The Housing Crisis: The Eviction of the Future

Traditional politics has little to offer beyond empty promises. Governments announce unachievable building targets or introduce rent caps that cause landlords to pull properties off the market. None of these policies fix the core issue. Residential property is treated as a financial asset rather than a basic human need.

A different path is appearing from the Extraverse Protocol. Instead of negotiating with the current real estate market, this project treats housing as an open-source engineering problem. The objective is to remove homes from the speculative financial system entirely.

The protocol uses modular building designs that people can assemble quickly on non-traditional or cheap land. This approach bypasses corporate developers who keep supply low to protect their profit margins. By lowering construction costs and cutting out commercial mortgages, the project removes the initial financial barrier that keeps young families dependent on predatory rental markets.
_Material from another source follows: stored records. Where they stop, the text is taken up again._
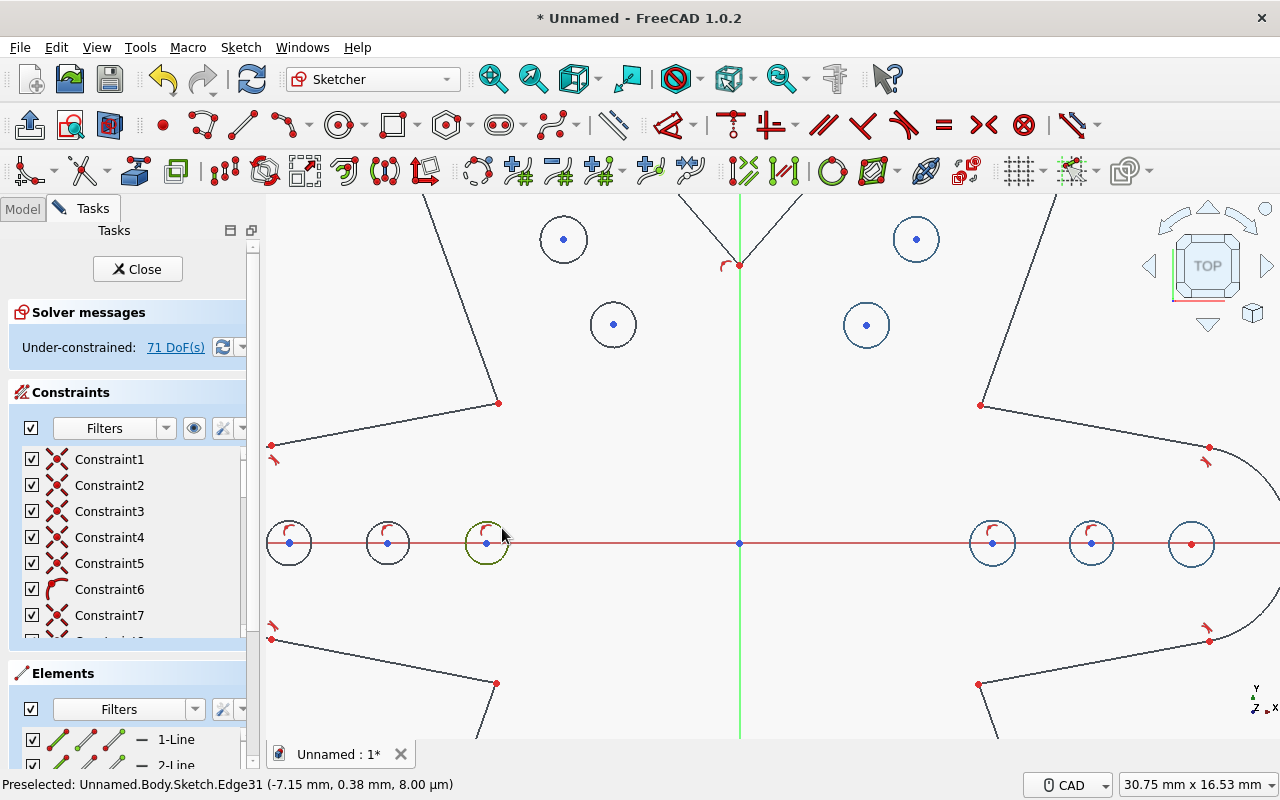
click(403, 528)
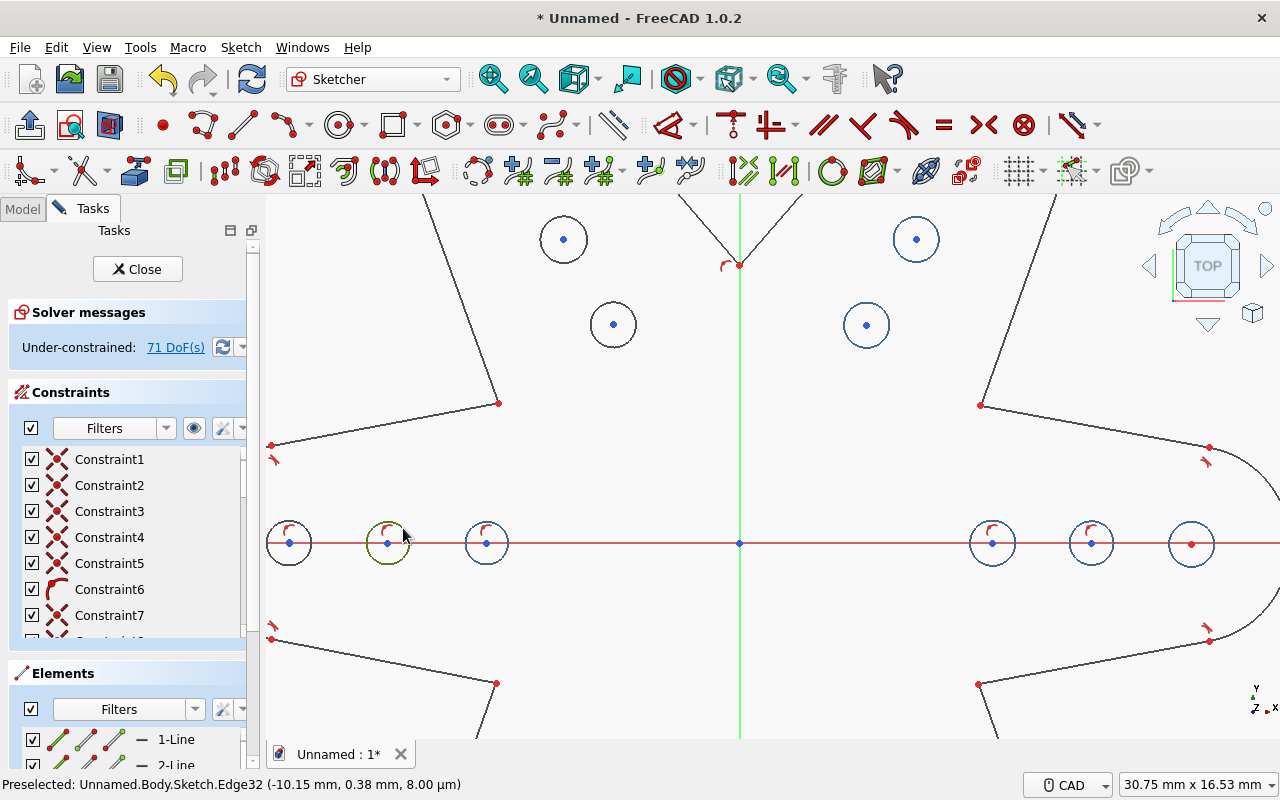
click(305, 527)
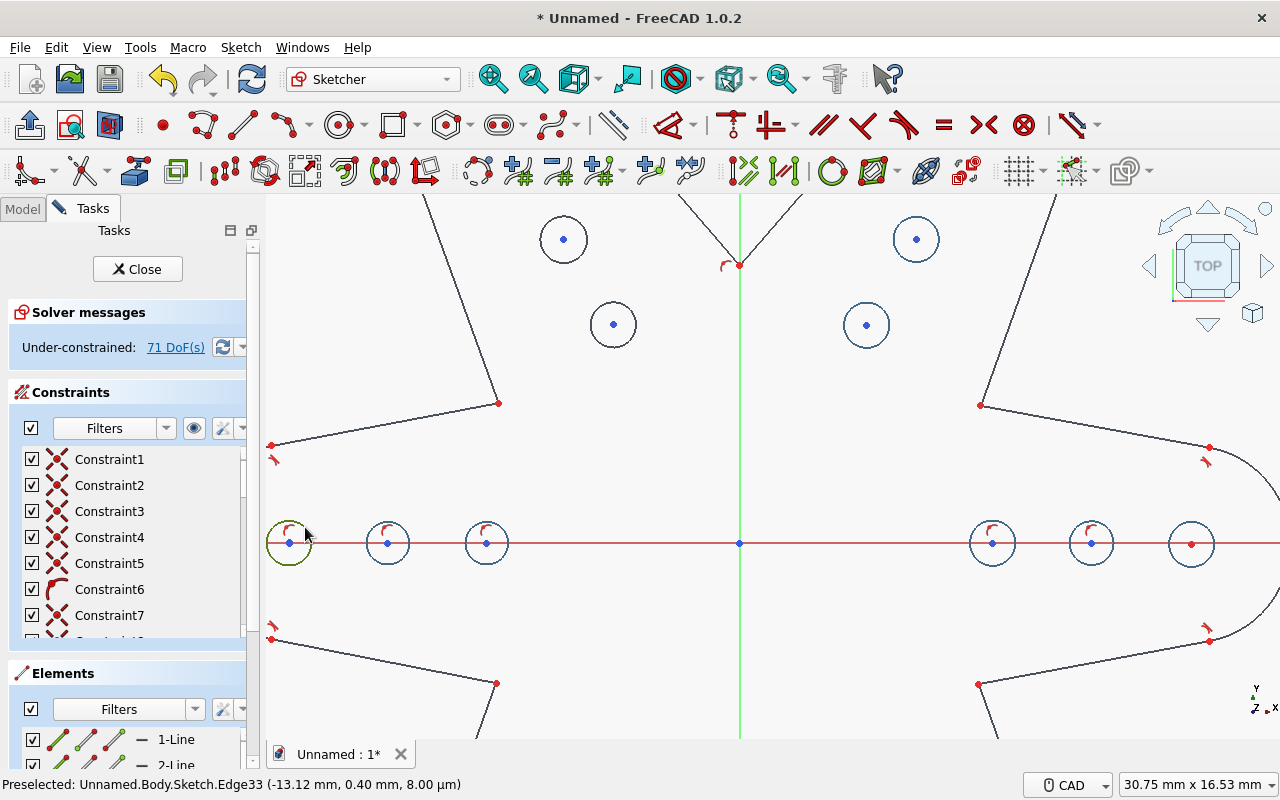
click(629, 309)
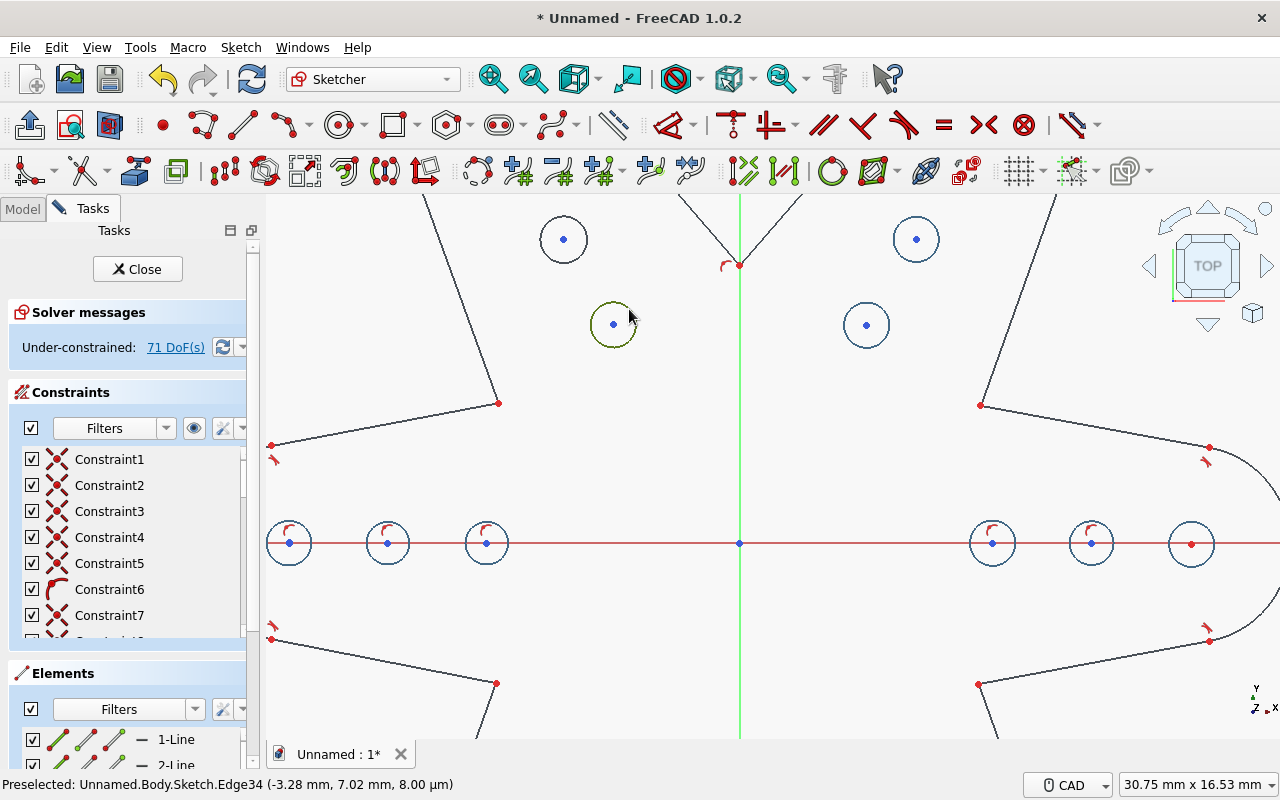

Once built, these homes run on an independent engineering system. The protocol integrates food production, rainwater harvesting, and waste processing directly into the architecture. Closed-loop setups use domestic waste to fertilize food crops, while passive filtration systems clean and reuse water. This independent setup eliminates monthly utility bills and reduces grocery costs. For a generation that spends nearly half its income on rent and bills, removing these recurring expenses changes the financial equation. It lowers the cost of basic survival so young people do not have to work long hours just to pay for a place to sleep.

This model also changes how communities are managed, aiming to defuse the generational anger found in modern fiction. Properties within the network are held in community land trusts and cannot be bought, sold, or flipped by investors. Instead of purchasing a house with debt, residents earn security and usage rights through maintenance work.

This work is tracked on a shared ledger. Contributing time to the community gives residents access to resources and a say in local decisions. This framework prevents corporate buyers from purchasing properties and pricing out local residents. It replaces wealth-driven property ownership with a system based on shared work and security.

If a society turns basic shelter into a luxury that its youth cannot afford, that society loses its stability. The Extraverse Protocol does not rely on market adjustments or political goodwill. It builds independence directly into the physical structure of the home, offering an actual exit from the crisis.